#### Task directions
Repeat the listing below word for word, stopping after the line that contains "Detection task: 3D".

───── Listed records

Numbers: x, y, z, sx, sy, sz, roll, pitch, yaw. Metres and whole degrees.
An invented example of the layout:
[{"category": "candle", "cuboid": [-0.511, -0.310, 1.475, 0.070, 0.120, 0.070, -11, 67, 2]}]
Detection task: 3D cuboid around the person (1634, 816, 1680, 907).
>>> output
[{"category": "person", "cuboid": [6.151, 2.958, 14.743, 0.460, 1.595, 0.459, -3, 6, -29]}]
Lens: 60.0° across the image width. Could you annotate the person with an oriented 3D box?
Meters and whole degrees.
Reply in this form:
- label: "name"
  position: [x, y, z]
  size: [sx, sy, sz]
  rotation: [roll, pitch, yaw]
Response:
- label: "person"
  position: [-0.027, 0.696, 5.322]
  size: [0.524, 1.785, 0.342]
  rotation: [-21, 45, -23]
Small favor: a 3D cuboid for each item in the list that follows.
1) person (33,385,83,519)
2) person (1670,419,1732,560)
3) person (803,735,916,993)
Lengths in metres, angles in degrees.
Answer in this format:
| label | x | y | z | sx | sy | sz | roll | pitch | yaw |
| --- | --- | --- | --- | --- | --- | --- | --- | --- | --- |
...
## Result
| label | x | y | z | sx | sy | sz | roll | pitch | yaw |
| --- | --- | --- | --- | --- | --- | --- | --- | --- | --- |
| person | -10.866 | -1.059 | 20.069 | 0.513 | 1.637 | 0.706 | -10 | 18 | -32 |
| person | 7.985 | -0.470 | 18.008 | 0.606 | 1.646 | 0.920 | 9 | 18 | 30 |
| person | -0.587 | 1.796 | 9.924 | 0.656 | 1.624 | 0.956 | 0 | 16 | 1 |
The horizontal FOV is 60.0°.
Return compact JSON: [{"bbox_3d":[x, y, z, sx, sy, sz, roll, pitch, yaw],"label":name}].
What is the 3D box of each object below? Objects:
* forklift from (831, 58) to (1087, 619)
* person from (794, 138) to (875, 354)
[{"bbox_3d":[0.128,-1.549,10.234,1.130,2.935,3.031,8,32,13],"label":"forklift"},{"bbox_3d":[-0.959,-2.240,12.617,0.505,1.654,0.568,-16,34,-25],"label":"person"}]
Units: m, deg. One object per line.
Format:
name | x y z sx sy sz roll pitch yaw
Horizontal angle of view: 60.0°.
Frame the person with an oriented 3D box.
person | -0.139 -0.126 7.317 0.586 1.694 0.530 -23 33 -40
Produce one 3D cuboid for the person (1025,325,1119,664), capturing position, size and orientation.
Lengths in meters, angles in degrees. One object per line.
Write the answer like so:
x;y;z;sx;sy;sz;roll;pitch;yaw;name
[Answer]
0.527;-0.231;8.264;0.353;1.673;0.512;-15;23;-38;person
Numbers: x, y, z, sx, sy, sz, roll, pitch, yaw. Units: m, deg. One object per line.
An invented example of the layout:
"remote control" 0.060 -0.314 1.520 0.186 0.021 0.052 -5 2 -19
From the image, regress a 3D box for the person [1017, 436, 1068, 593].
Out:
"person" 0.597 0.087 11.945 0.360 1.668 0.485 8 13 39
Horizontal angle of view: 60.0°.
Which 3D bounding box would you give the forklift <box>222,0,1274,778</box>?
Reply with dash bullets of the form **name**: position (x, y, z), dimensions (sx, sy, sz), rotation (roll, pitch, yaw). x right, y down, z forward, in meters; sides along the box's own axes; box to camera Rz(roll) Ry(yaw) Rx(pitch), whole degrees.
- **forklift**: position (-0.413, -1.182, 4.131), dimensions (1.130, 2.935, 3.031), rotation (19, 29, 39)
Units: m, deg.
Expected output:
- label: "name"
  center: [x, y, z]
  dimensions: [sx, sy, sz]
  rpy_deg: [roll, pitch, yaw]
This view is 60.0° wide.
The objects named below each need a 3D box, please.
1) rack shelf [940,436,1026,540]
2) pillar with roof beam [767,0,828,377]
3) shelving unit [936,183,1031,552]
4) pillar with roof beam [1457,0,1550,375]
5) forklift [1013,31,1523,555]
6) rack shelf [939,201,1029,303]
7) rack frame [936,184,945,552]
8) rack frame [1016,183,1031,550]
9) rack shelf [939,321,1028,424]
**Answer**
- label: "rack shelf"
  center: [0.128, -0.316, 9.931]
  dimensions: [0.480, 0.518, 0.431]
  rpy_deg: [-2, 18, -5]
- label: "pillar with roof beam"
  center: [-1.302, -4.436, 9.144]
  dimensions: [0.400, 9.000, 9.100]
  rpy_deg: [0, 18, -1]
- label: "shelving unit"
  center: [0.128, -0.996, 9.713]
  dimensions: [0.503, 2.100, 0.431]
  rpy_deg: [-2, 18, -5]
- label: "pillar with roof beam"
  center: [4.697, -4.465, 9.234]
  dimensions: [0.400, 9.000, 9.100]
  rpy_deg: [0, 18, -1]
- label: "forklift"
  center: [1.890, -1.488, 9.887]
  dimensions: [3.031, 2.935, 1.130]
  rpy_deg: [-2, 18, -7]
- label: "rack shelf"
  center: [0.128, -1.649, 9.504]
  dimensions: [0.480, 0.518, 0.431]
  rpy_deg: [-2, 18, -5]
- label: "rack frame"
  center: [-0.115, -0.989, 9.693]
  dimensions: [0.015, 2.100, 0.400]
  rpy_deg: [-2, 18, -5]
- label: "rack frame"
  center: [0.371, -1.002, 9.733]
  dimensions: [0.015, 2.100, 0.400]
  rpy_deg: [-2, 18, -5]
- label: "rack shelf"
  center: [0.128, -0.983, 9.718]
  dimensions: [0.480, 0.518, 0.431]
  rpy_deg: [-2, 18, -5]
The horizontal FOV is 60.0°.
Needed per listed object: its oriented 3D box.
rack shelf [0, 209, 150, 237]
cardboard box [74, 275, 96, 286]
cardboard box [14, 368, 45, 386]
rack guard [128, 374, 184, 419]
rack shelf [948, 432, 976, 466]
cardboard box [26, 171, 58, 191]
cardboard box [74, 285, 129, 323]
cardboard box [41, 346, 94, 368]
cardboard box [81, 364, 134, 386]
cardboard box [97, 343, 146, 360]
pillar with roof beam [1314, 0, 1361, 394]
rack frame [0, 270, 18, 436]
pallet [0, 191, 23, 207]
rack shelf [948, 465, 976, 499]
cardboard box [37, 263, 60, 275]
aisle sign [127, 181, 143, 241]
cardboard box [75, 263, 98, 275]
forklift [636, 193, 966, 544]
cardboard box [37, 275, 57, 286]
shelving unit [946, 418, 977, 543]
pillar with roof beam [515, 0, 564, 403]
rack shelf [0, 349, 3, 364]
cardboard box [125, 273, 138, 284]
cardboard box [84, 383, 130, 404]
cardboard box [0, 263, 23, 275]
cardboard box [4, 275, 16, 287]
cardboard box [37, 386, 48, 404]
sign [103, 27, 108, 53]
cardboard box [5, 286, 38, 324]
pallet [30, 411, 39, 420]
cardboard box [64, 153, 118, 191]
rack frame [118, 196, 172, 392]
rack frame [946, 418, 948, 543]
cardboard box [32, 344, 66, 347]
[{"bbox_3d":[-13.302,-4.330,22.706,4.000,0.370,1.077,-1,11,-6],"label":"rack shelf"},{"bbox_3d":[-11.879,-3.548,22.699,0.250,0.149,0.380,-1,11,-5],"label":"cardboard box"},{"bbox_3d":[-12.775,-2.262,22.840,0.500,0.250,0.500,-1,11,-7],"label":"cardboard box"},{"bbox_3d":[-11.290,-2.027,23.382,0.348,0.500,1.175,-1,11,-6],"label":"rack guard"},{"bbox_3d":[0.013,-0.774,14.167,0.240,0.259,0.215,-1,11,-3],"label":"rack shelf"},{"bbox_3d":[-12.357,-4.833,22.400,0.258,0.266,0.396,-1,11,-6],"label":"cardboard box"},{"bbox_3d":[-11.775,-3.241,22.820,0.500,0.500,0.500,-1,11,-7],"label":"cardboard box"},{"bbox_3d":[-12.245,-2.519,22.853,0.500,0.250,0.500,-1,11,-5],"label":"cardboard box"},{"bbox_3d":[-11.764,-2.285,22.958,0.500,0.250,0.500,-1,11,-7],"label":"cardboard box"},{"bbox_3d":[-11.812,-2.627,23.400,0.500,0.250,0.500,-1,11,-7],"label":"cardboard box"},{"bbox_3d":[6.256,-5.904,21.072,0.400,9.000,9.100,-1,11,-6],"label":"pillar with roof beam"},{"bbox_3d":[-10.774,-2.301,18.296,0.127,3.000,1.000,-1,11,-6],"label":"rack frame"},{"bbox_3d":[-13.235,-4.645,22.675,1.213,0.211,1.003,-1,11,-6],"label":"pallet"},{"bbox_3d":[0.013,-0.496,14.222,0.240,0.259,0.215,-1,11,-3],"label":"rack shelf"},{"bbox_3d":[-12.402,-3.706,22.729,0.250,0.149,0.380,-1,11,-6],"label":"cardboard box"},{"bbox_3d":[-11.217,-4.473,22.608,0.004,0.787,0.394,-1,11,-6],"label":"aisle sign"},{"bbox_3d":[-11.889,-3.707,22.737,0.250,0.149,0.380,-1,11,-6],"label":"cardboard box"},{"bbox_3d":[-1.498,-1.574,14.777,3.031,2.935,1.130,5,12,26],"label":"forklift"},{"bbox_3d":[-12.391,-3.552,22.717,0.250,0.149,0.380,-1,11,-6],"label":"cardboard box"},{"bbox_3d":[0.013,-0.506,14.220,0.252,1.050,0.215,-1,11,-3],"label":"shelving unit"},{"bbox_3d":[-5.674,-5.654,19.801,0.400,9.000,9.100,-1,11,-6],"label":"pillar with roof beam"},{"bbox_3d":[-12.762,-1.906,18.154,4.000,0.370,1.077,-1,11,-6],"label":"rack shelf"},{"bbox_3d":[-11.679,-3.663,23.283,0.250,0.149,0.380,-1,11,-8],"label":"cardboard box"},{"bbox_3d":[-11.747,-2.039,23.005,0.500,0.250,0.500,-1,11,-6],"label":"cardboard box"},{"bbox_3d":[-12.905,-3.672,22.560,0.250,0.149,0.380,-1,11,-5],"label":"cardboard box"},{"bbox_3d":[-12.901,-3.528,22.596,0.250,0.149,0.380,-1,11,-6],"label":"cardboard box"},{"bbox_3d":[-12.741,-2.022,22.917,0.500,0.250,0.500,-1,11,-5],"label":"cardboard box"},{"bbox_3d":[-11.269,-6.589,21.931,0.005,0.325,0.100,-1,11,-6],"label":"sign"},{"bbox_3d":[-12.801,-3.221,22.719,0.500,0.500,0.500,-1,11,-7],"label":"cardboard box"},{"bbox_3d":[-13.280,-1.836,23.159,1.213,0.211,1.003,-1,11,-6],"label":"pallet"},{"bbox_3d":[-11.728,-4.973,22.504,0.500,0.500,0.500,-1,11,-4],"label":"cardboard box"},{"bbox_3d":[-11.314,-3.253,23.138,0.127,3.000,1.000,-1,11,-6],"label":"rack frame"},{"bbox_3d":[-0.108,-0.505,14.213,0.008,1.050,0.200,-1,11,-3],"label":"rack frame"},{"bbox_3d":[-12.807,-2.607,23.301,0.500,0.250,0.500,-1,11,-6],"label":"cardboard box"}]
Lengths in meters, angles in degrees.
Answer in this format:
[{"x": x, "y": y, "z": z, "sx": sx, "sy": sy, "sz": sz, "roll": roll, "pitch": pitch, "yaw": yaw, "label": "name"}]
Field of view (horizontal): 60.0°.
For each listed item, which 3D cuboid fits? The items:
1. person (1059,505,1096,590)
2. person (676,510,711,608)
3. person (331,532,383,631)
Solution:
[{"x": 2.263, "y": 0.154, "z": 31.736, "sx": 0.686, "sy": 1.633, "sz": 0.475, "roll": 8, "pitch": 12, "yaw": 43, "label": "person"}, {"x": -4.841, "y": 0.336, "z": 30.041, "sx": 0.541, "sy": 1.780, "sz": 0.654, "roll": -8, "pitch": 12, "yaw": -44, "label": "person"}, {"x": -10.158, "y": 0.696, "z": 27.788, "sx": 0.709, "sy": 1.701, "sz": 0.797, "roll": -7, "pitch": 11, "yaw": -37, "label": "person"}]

──────────

#### Result of the exercise
Numbers: x, y, z, sx, sy, sz, roll, pitch, yaw. Metres and whole degrees.
An invented example of the layout:
[{"category": "candle", "cuboid": [-0.511, -0.310, 1.475, 0.070, 0.120, 0.070, -11, 67, 2]}]
Detection task: 3D cuboid around the person (1634, 816, 1680, 907).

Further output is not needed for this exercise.